The Thermo Mass supports solid, powder, thin-film, and fiber samples weighing 0.1–100 mg, with compatibility across inorganic oxides, pharmaceuticals, polymers, composites, and energy materials. It meets essential regulatory and quality framework requirements for laboratory use: temperature control accuracy conforms to ASTM E1131–22 (Standard Test Method for Thermal Gravimetric Analysis of Reactive Chemicals); mass calibration adheres to ISO/IEC 17025–2017 metrological traceability protocols; and raw data handling—including timestamps, instrument parameters, and audit trails—is structured to support GLP and GMP environments. Optional 21 CFR Part 11-compliant software modules provide electronic signatures, role-based access control, and immutable data archiving for regulated industries.

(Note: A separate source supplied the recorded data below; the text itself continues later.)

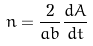<formula> <loc_0><loc_0><loc_500><loc_500>n = \frac { 2 } { a b } \frac { d A } { d t }</formula> 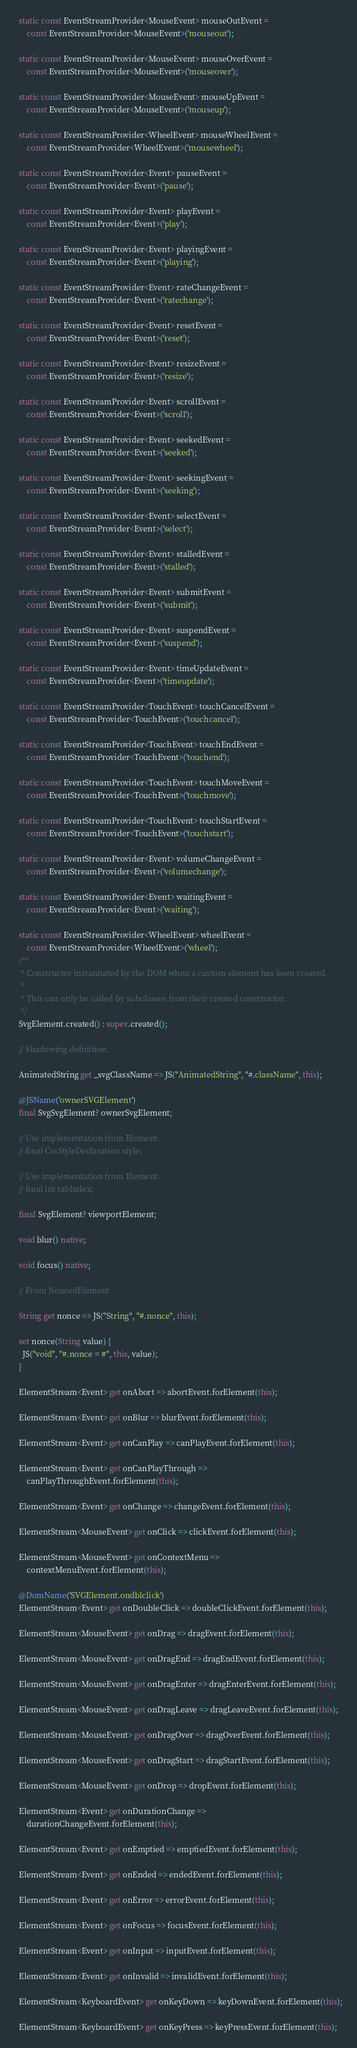Convert code to text. <code><loc_0><loc_0><loc_500><loc_500><_Dart_>  static const EventStreamProvider<MouseEvent> mouseOutEvent =
      const EventStreamProvider<MouseEvent>('mouseout');

  static const EventStreamProvider<MouseEvent> mouseOverEvent =
      const EventStreamProvider<MouseEvent>('mouseover');

  static const EventStreamProvider<MouseEvent> mouseUpEvent =
      const EventStreamProvider<MouseEvent>('mouseup');

  static const EventStreamProvider<WheelEvent> mouseWheelEvent =
      const EventStreamProvider<WheelEvent>('mousewheel');

  static const EventStreamProvider<Event> pauseEvent =
      const EventStreamProvider<Event>('pause');

  static const EventStreamProvider<Event> playEvent =
      const EventStreamProvider<Event>('play');

  static const EventStreamProvider<Event> playingEvent =
      const EventStreamProvider<Event>('playing');

  static const EventStreamProvider<Event> rateChangeEvent =
      const EventStreamProvider<Event>('ratechange');

  static const EventStreamProvider<Event> resetEvent =
      const EventStreamProvider<Event>('reset');

  static const EventStreamProvider<Event> resizeEvent =
      const EventStreamProvider<Event>('resize');

  static const EventStreamProvider<Event> scrollEvent =
      const EventStreamProvider<Event>('scroll');

  static const EventStreamProvider<Event> seekedEvent =
      const EventStreamProvider<Event>('seeked');

  static const EventStreamProvider<Event> seekingEvent =
      const EventStreamProvider<Event>('seeking');

  static const EventStreamProvider<Event> selectEvent =
      const EventStreamProvider<Event>('select');

  static const EventStreamProvider<Event> stalledEvent =
      const EventStreamProvider<Event>('stalled');

  static const EventStreamProvider<Event> submitEvent =
      const EventStreamProvider<Event>('submit');

  static const EventStreamProvider<Event> suspendEvent =
      const EventStreamProvider<Event>('suspend');

  static const EventStreamProvider<Event> timeUpdateEvent =
      const EventStreamProvider<Event>('timeupdate');

  static const EventStreamProvider<TouchEvent> touchCancelEvent =
      const EventStreamProvider<TouchEvent>('touchcancel');

  static const EventStreamProvider<TouchEvent> touchEndEvent =
      const EventStreamProvider<TouchEvent>('touchend');

  static const EventStreamProvider<TouchEvent> touchMoveEvent =
      const EventStreamProvider<TouchEvent>('touchmove');

  static const EventStreamProvider<TouchEvent> touchStartEvent =
      const EventStreamProvider<TouchEvent>('touchstart');

  static const EventStreamProvider<Event> volumeChangeEvent =
      const EventStreamProvider<Event>('volumechange');

  static const EventStreamProvider<Event> waitingEvent =
      const EventStreamProvider<Event>('waiting');

  static const EventStreamProvider<WheelEvent> wheelEvent =
      const EventStreamProvider<WheelEvent>('wheel');
  /**
   * Constructor instantiated by the DOM when a custom element has been created.
   *
   * This can only be called by subclasses from their created constructor.
   */
  SvgElement.created() : super.created();

  // Shadowing definition.

  AnimatedString get _svgClassName => JS("AnimatedString", "#.className", this);

  @JSName('ownerSVGElement')
  final SvgSvgElement? ownerSvgElement;

  // Use implementation from Element.
  // final CssStyleDeclaration style;

  // Use implementation from Element.
  // final int tabIndex;

  final SvgElement? viewportElement;

  void blur() native;

  void focus() native;

  // From NoncedElement

  String get nonce => JS("String", "#.nonce", this);

  set nonce(String value) {
    JS("void", "#.nonce = #", this, value);
  }

  ElementStream<Event> get onAbort => abortEvent.forElement(this);

  ElementStream<Event> get onBlur => blurEvent.forElement(this);

  ElementStream<Event> get onCanPlay => canPlayEvent.forElement(this);

  ElementStream<Event> get onCanPlayThrough =>
      canPlayThroughEvent.forElement(this);

  ElementStream<Event> get onChange => changeEvent.forElement(this);

  ElementStream<MouseEvent> get onClick => clickEvent.forElement(this);

  ElementStream<MouseEvent> get onContextMenu =>
      contextMenuEvent.forElement(this);

  @DomName('SVGElement.ondblclick')
  ElementStream<Event> get onDoubleClick => doubleClickEvent.forElement(this);

  ElementStream<MouseEvent> get onDrag => dragEvent.forElement(this);

  ElementStream<MouseEvent> get onDragEnd => dragEndEvent.forElement(this);

  ElementStream<MouseEvent> get onDragEnter => dragEnterEvent.forElement(this);

  ElementStream<MouseEvent> get onDragLeave => dragLeaveEvent.forElement(this);

  ElementStream<MouseEvent> get onDragOver => dragOverEvent.forElement(this);

  ElementStream<MouseEvent> get onDragStart => dragStartEvent.forElement(this);

  ElementStream<MouseEvent> get onDrop => dropEvent.forElement(this);

  ElementStream<Event> get onDurationChange =>
      durationChangeEvent.forElement(this);

  ElementStream<Event> get onEmptied => emptiedEvent.forElement(this);

  ElementStream<Event> get onEnded => endedEvent.forElement(this);

  ElementStream<Event> get onError => errorEvent.forElement(this);

  ElementStream<Event> get onFocus => focusEvent.forElement(this);

  ElementStream<Event> get onInput => inputEvent.forElement(this);

  ElementStream<Event> get onInvalid => invalidEvent.forElement(this);

  ElementStream<KeyboardEvent> get onKeyDown => keyDownEvent.forElement(this);

  ElementStream<KeyboardEvent> get onKeyPress => keyPressEvent.forElement(this);
</code>

Software & Data Management

Rigaku’s ThermoAnalysis Suite provides unified control of both TGA and MS subsystems through a single GUI. It enables method-driven experiment definition (ramp/hold/isothermal profiles, gas switching sequences, SIM target lists), automated baseline correction, and multi-dimensional peak deconvolution using built-in spectral libraries (NIST MS Search, Wiley Registry). All acquired datasets are stored in vendor-neutral HDF5 format, facilitating third-party integration with MATLAB, Python (via h5py), or LIMS platforms. Export options include CSV, ASCII, and XML schemas compliant with ASTM E1447–21 for interlaboratory data exchange. Audit logs record every parameter change, user login, and calibration event—fully searchable and exportable for internal QA review or external inspection.

Applications

• Pharmaceutical solid-state characterization: dehydration, solvate loss, polymorphic transitions, and excipient–API incompatibility screening
• Advanced battery research: electrolyte decomposition onset, SEI layer formation, cathode oxygen release, and transition metal volatility under thermal abuse conditions
• Carbon capture material evaluation: CO₂ adsorption/desorption kinetics, amine leaching, and thermal stability of MOFs and zeolites
• Polymer processing safety: identification of volatile organic compounds (VOCs) and toxic pyrolysis products (e.g., HCN, phosgene precursors) during extrusion or molding
• Geochemical and catalytic studies: mineral dehydration, clay dehydroxylation, coke burn-off profiling, and sulfur speciation in hydrodesulfurization catalysts

FAQ

What is the maximum operating temperature of the TGA furnace?
The standard configuration supports continuous operation up to 1100 °C with ±0.5 °C temperature uniformity across the sample zone.
Can the system detect hydrogen gas quantitatively?
Yes—using the m/z = 2 channel with optimized electron multiplier gain and background subtraction algorithms, detection limits for H₂ are typically <100 ppm in carrier gas streams.
Is the photoionization source replaceable in the field?
The VUV lamp module is designed for tool-free replacement and requires no realignment; average service life exceeds 5,000 hours.
Does the system support reactive gas environments such as NO₂ or Cl₂?
With appropriate corrosion-resistant interface components and mass spectrometer tuning, reactive gas analysis is supported per application-specific validation protocols.
How is data synchronization between TGA and MS ensured at the hardware level?
A shared master clock distributes timing signals to both subsystems; all analog and digital acquisitions are triggered and timestamped with ≤100 ns jitter, enabling sub-second event correlation.